Nelle ultime settimane si è parlato molto del mercato piloti. I motivi sono soprattutto due: dall’anno prossimo arriverà in MotoGP l’azienda motociclistica austriaca KTM e qualche settimana fa Lorenzo, che ora guida una Yamaha, ha firmato un contratto con la Ducati per la prossima stagione. Queste due novità hanno innescato una specie di effetto domino che farà sì che molto probabilmente diversi piloti cambieranno scuderia. Il posto in Yamaha lasciato libero da Lorenzo sarà preso dal 21enne Maverick Viñales, attualmente in Suzuki, che ha firmato un contratto di due anni. Il posto in Ducati che Lorenzo andrà a occupare è quello dove adesso sta Iannone, che però ha già firmato un contratto con la Suzuki per prendere il posto di Viñales. Già a marzo Rossi ha invece rinnovato il suo contratto con Yamaha, dove resterà per almeno altre due stagioni. Hanno rinnovati anche Dovizioso e Pedrosa, che continueranno a guidare una Ducati e una Honda. Marquez non ha ancora firmato con la Honda, ma è cosa di giorni, visto che non ci sono altre importanti moto ancora libere.
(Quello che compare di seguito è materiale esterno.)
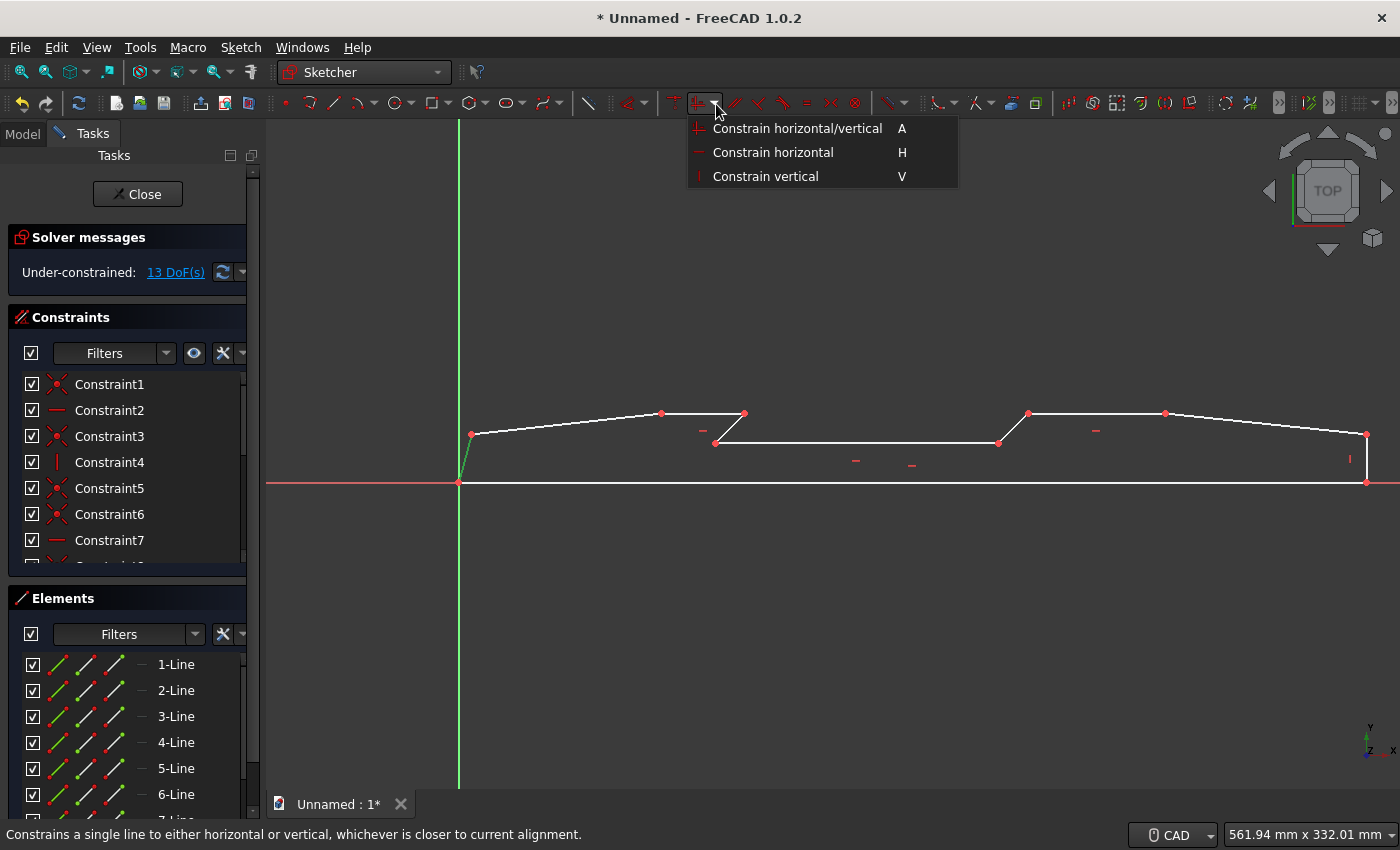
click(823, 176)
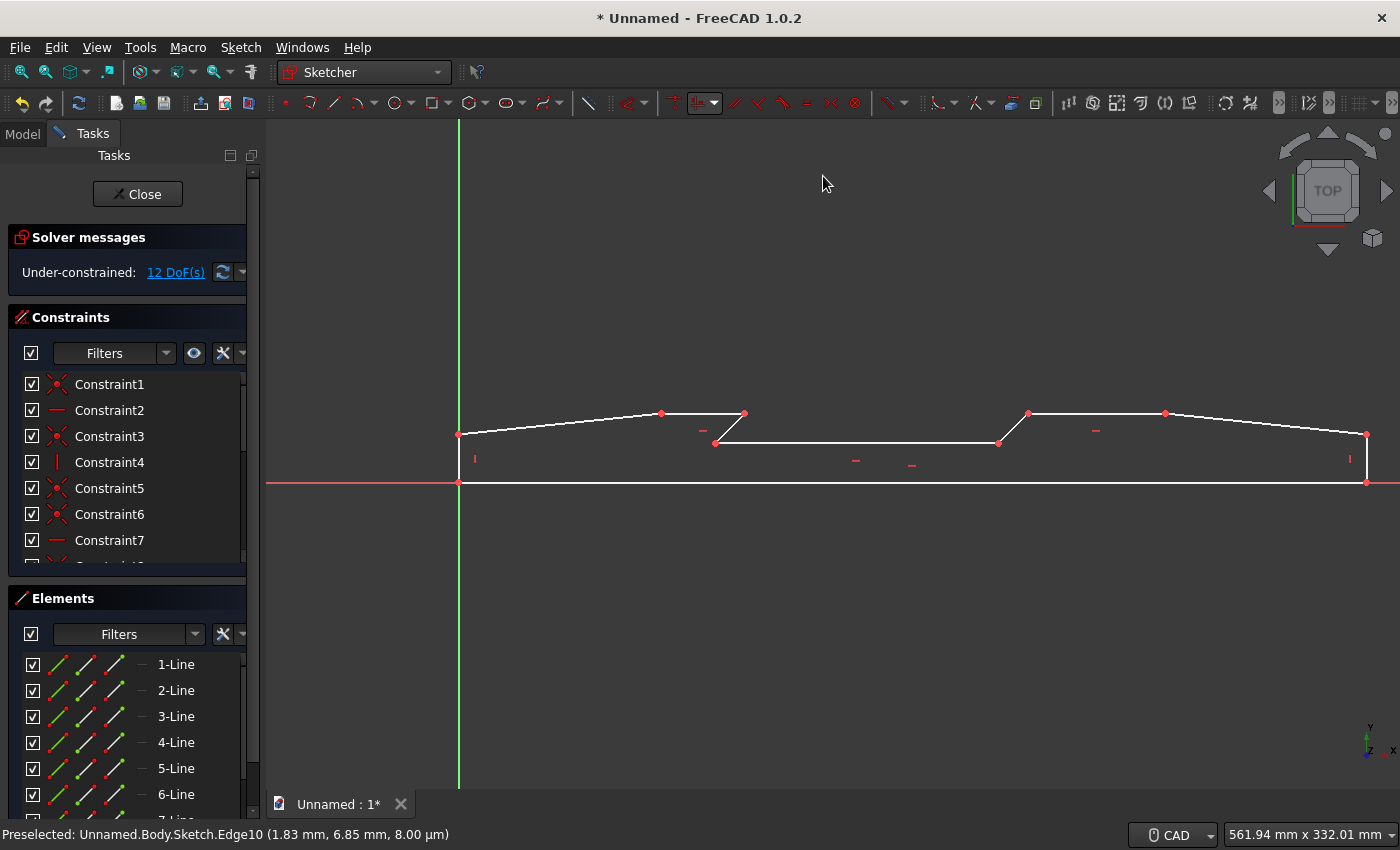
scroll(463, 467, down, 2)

Come vedere il Gran Premio d’Italia in streaming

Il Gran Premio d’Italia si potrà seguire su Sky Sport MotoGP HD (il canale 208 di Sky) e in streaming su Sky Go dalle 14. Oltre che su Sky Sport – che trasmetterà in diretta tutti i Gran Premi di MotoGP di questa stagione – il Gran Premio d’italia sarà trasmesso anche in chiaro su TV8, il canale 8 del digitale terrestre.